Directions for this task:
Start at the line with "Answer: Accuracy Score, Confusion" in the records below, stop at the line with "Answer: TF-IDF Vectorization", and return every line in that span exactly, the two end lines included.

Saved data entries:
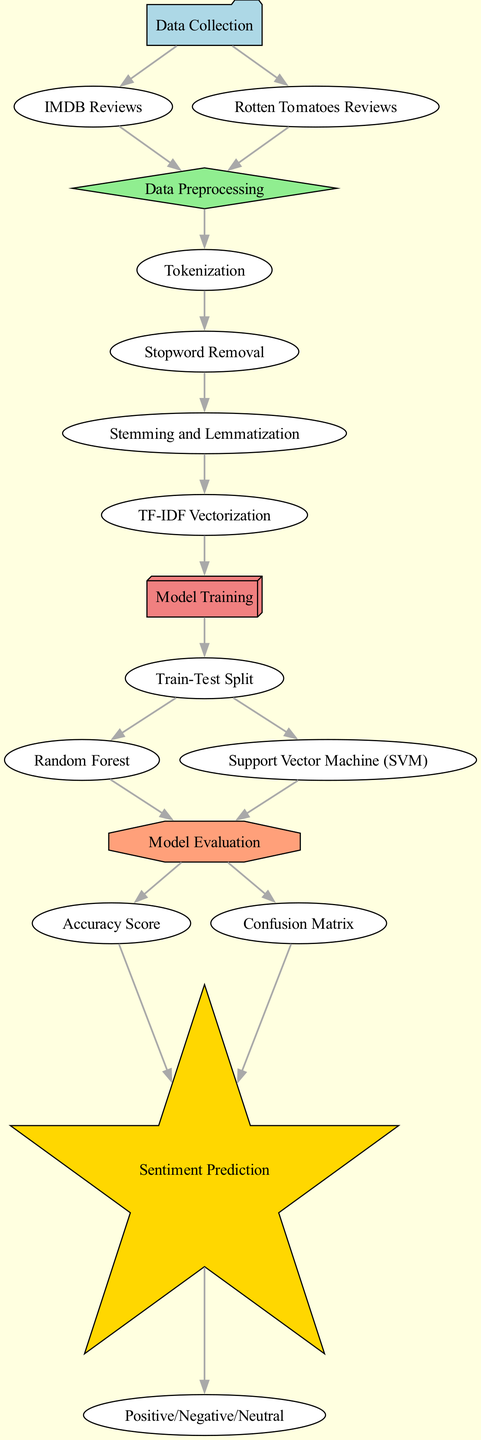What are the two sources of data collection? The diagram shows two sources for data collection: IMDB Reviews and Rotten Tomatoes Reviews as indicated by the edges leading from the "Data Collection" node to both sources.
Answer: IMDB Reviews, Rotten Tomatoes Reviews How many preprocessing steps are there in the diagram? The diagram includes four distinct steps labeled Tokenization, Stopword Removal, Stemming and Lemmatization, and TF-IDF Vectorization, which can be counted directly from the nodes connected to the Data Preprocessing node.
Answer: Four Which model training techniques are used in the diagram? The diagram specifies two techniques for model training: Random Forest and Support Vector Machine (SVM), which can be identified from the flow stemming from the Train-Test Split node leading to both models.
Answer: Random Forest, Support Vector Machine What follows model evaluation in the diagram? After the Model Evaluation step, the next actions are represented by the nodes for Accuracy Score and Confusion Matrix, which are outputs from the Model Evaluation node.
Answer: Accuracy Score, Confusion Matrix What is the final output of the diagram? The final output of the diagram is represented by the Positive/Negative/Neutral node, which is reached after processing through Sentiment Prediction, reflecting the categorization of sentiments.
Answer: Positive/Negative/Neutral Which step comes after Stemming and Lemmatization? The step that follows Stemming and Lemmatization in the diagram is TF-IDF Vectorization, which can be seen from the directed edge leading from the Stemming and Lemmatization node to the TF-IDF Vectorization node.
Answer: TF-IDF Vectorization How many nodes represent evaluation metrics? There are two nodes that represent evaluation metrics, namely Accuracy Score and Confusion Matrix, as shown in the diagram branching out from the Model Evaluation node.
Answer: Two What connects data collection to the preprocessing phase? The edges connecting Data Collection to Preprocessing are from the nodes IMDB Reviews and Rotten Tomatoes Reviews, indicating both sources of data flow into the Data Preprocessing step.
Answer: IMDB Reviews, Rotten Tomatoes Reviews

Response area:
Answer: Accuracy Score, Confusion Matrix What is the final output of the diagram? The final output of the diagram is represented by the Positive/Negative/Neutral node, which is reached after processing through Sentiment Prediction, reflecting the categorization of sentiments.
Answer: Positive/Negative/Neutral Which step comes after Stemming and Lemmatization? The step that follows Stemming and Lemmatization in the diagram is TF-IDF Vectorization, which can be seen from the directed edge leading from the Stemming and Lemmatization node to the TF-IDF Vectorization node.
Answer: TF-IDF Vectorization How many nodes represent evaluation metrics? There are two nodes that represent evaluation metrics, namely Accuracy Score and Confusion Matrix, as shown in the diagram branching out from the Model Evaluation node.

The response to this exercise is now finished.